Kararım şudur:  Doğu’da çeşitli adlar altında bir takım oluşumlar başlamıştır…. Önce Doğu’daki bu oluşumları Erzurum’da birleştirerek herhangi bir tehlikeye karşı bir milli taarruz hazırlamayı düşünüyorum. Yani bir milli Türk Hükümeti esası. Eğer istiklâlimize dokunulmaz, sadece Doğu illeri tehlikeye düşerse, derhal Erzurum’da bu milli hükümet faaliyete başlar ve ben de bu milli hükümetin emrinde bir ordu komutanı olarak Doğu’nun savunmasını üstüme alırım. Eğer tehlike bütün vatan için görülürse, çıkacak hükümet yeni bir Türk milli devleti olur ve bizler de bütün vatanın savunulması görevini yerine getiririz. Eğer bu ihtimal gerçekleşirse, sorunun halledilmesi daha güç olacaktır, bu nedenle bütün arkadaşlarımızın Anadolu’da kıt’aları başında bulunmaları gerekir. Derhal ilk fırsatta Doğu’daki tehlikeyi bertaraf ederiz. Bütün kuvvetler Batı’ya yöneltilebilir. Ben bu vaziyette Doğu’daki rolümü başarıyla yapabilirim. Batı meselesi açık kalmıyor. Zat-ı samilerinden ricam da bir an evvel sizin de Anadolu’ya geçmekliğinizdir. Her makamın namuslu siması, genç komutanların Anadolu’ya atılmasına taraftardır. Bunun için derhal sizin bir vazife ile gitmeniz mümkündür. Eğer mümkün olmazsa özel bir tazrda da gelebilirsiniz. Önce Erzurum’da toplanalım ve milli hükümet esasını kuralım. Ben Trabzon ve Erzurum’da, siz gelinceye kadar bu esası hazırlarım.” [nitekim öyle olacaktır]
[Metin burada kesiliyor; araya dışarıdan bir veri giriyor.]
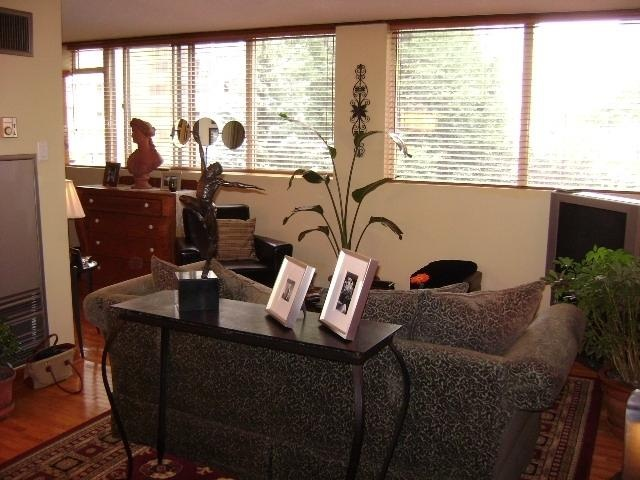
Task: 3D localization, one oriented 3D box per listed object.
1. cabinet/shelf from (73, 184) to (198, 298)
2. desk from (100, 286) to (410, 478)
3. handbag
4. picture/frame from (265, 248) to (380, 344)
[{"bbox_3d":[-2.432,0.098,5.678,0.513,1.238,1.313,-8,-7,28],"label":"cabinet/shelf"},{"bbox_3d":[-0.278,0.651,2.227,0.990,0.692,0.378,5,8,26],"label":"desk"},{"bbox_3d":[-1.968,0.902,3.555,0.353,0.369,0.383,16,12,21],"label":"handbag"},{"bbox_3d":[0.009,0.231,2.042,0.212,0.359,0.548,32,-14,-39],"label":"picture/frame"}]

Mustafa Kemal Paşa’nın buna cevabı “Evet bu da bir fikirdir” şeklinde olur. Kâzım Karabekir Paşa ise cevaben “Paşam fikir değil karardır. Ben işe başlayacağım ve ikmal-i namus için uğraşacağım. Eğer iş düşündüğüm gibi basit çıkmaz da İtilaf Devletleri işgalleri başlarsa bile Doğu’daki milli Türk hükümeti kolay kolay mahvolmaz. Ve bu suretle Türklüğün ölümü mukadderse, pek pahalıya mal edilir. Erzurum dağlarında durmazsak Ermenistan dağlarında, bu yeni Türk Hükümeti yine yaşar. Paşam İstanbul’da çok kalmayınız ve buradaki diğer komutanlar üzerinde de etkili olarak bir an önce Anadolu’yu güçlendirelim. Birçok batmış milletler istiklallerine kavuşurken, asırlar doldurucu muazzam tarihi olan Türk Milletini kurtaralım” der.

Mustafa Kemal Paşa “ Vaziyet size hak verdiriyor. İyi olayım gelmeye çalışırım” şeklinde cevap verir. (Mustafa Kemal Paşa o günlerde bir kulak rahatsızlığı geçirmektedir)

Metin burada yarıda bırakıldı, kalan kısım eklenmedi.